The dreaded call came shortly after Christmas.
Major Geoffrey Obwoge was needed back at work for immediate deployment. He asked no questions. There was no time.
As required in his job, he swiftly bid his young family farewell and reported back to camp.
After arriving at his station at Moi Barracks in Soy near Eldoret, he knew he was headed back to Somalia. Obwoge quickly assembled his team from the 9 Kenya Rifles Formation ready for the assignment.
He had a deputy as second in command and three lieutenants as platoon commanders to back him up.
Few days later, they were on their way to the frontline, through a stop over in Wajir. His main assignment was to relieve the previous team that was now spent and exhausted having been on the ground for a year.
He was then to plan how to cover new territory and advance the KDF march into enemy land.
It was the beginning of what would be the worst week by the Kenya Defence Forces (KDF) in the seven-year battle against Al Shabaab in Somalia, a week that survivors would rather forget.
There was nothing to doubt that he would deliver. At just 33, Major Obwoge was one of the first rising stars of the military.
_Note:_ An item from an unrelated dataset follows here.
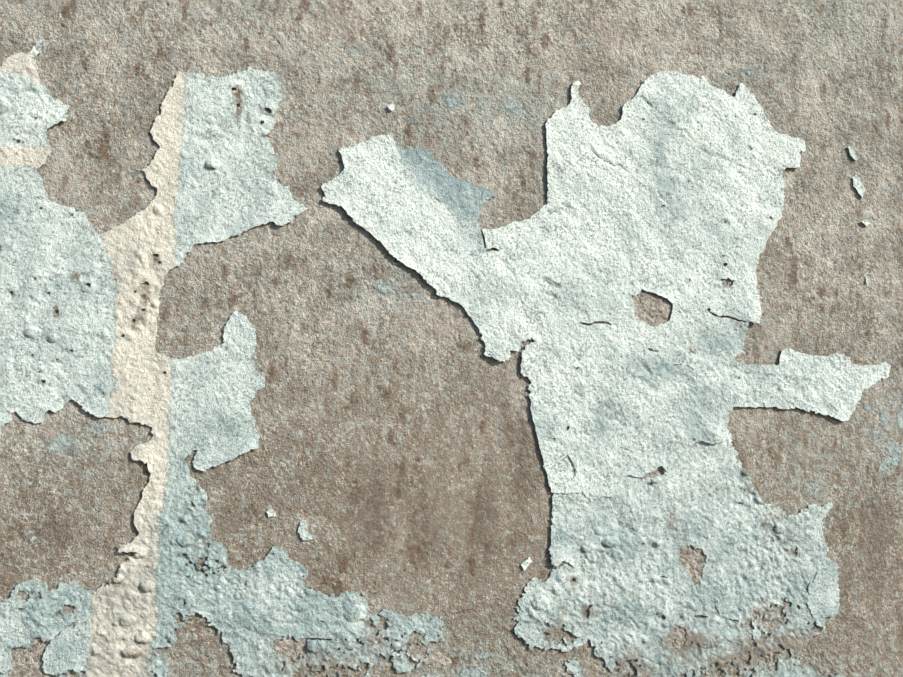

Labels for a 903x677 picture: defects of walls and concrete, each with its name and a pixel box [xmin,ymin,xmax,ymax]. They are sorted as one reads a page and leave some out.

peeling [0,38,495,677]
peeling [321,67,891,677]
peeling [871,404,903,473]

He was already being seen as an experienced soldier having been part of the team that conquered Kismayu a year earlier.
He knew the terrain, or was expected to.
“After he arrived, he called us and said he had arrived. They were attacked just one week later,” Elizabeth Obwoge, his mother, narrates at his home in Ogembo, Kisii County.
The ambush
The attack started at around 4am, January 15, 2016.
The previous day, the last soldiers from the Kenya trained Somali National Army (SNA), whose camp was located 600 meters away, had left. They disappeared as soon as they learnt of the magnitude of the imminent attack.
It is at the SNA camp that the first explosion went off. A decoy.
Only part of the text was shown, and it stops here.